Your instructions: Return each line below exactly as it reads, and omit any image in it.

Recorded information:
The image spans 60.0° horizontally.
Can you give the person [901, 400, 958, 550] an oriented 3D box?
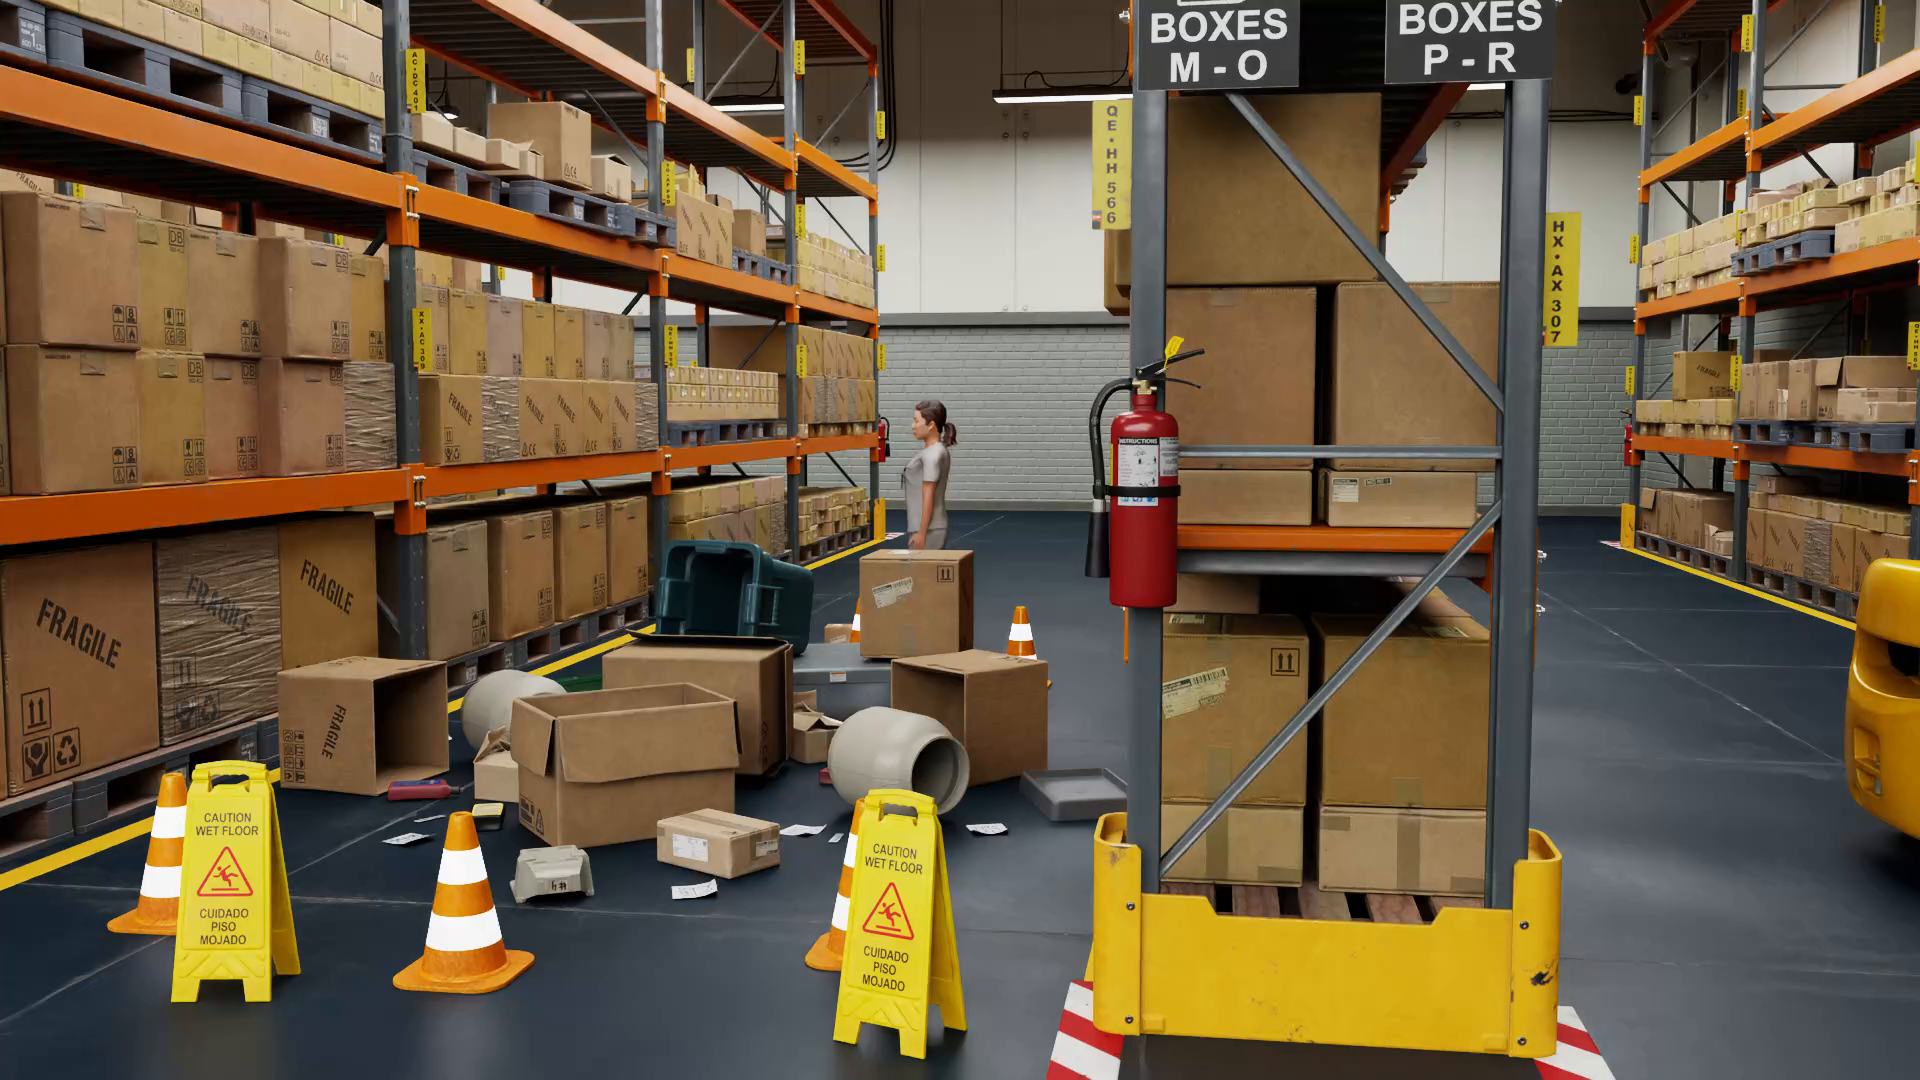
[{"bbox_3d":[-0.189,-0.033,10.344,0.362,1.674,0.437,0,5,1],"label":"person"}]

Solution:
The image spans 60.0° horizontally.
Can you give the person [901, 400, 958, 550] an oriented 3D box?
[{"bbox_3d":[-0.189,-0.033,10.344,0.362,1.674,0.437,0,5,1],"label":"person"}]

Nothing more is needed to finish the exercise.